RESEARCH DESIGN AND METHODS A retrospective cohort of 1,050 patients with incident Charcot arthropathy in 2003 in a large health care system was compared with patients with foot ulcer and those with diabetes alone. Mortality was determined during a 5-year follow-up period. Patients with Charcot arthropathy were matched to individuals in the other two groups using propensity score matching based on patient age, sex, race, marital status, diabetes duration, and diabetes control.
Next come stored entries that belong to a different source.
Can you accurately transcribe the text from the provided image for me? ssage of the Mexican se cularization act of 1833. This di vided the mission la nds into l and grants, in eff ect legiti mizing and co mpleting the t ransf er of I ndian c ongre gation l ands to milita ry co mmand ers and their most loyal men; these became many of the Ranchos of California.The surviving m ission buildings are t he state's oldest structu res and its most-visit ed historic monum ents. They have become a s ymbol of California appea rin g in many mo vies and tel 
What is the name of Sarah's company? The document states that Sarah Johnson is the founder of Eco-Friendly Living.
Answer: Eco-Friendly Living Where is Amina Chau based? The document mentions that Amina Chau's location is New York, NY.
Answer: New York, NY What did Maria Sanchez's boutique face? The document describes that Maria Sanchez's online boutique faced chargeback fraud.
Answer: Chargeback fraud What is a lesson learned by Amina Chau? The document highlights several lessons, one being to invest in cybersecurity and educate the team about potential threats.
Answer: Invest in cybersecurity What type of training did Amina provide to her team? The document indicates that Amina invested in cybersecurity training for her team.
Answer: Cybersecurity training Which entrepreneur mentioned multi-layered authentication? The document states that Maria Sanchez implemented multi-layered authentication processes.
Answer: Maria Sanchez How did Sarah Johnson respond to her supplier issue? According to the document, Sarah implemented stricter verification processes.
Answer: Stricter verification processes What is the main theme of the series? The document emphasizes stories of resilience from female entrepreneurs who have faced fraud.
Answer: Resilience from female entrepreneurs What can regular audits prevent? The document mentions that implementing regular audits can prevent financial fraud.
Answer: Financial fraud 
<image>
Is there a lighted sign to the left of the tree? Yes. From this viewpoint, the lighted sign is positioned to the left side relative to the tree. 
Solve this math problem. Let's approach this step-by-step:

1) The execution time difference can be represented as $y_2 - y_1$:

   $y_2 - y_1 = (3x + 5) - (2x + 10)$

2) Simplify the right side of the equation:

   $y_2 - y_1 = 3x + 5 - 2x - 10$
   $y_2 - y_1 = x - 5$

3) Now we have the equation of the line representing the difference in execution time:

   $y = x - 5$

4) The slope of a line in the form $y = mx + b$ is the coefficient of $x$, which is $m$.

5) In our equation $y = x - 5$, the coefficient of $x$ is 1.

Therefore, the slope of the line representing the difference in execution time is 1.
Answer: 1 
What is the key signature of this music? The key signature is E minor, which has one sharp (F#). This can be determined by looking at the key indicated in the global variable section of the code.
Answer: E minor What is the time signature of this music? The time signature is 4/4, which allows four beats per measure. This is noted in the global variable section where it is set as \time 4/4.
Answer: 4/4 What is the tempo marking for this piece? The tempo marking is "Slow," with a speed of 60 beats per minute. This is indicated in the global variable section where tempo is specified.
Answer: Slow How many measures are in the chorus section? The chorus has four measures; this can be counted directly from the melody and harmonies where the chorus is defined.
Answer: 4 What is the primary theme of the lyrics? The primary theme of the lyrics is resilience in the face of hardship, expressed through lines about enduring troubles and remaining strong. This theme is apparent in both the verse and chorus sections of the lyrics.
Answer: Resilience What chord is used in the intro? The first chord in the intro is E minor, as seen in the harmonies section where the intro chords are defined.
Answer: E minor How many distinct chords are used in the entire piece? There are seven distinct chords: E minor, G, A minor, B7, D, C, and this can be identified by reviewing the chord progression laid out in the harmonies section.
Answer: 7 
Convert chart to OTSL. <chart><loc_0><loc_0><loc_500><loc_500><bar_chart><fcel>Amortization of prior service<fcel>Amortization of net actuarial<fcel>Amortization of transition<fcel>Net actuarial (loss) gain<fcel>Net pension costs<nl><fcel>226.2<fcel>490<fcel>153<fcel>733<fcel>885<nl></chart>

RESULTS During follow-up, 28.0% of the sample died; 18.8% with diabetes alone and 37.0% with foot ulcer died compared with 28.3% with Charcot arthropathy. Multivariable Cox regression shows that, compared with Charcot arthropathy, foot ulcer was associated with 35% higher mortality risk (hazard ratio 1.35 [95% CI 1.18–1.54]) and diabetes alone with 23% lower risk (0.77 [0.66–0.90]). Of the patients with Charcot arthropathy, 63% experienced foot ulceration before or after the onset of the Charcot arthropathy. Stratified analyses suggest that Charcot arthropathy is associated with a significantly increased mortality risk independent of foot ulcer and other comorbidities.

CONCLUSIONS Charcot arthropathy was significantly associated with higher mortality risk than diabetes alone and with lower risk than foot ulcer. Patients with foot ulcers tended to have a higher prevalence of peripheral vascular disease and macrovascular diseases than patients with Charcot arthropathy. This finding may explain the difference in mortality risks between the two groups.

Footnotes

  • This article presents the findings and conclusions of the authors; it does not necessarily represent the Department of Veterans Affairs or Health Services Research and Development Service.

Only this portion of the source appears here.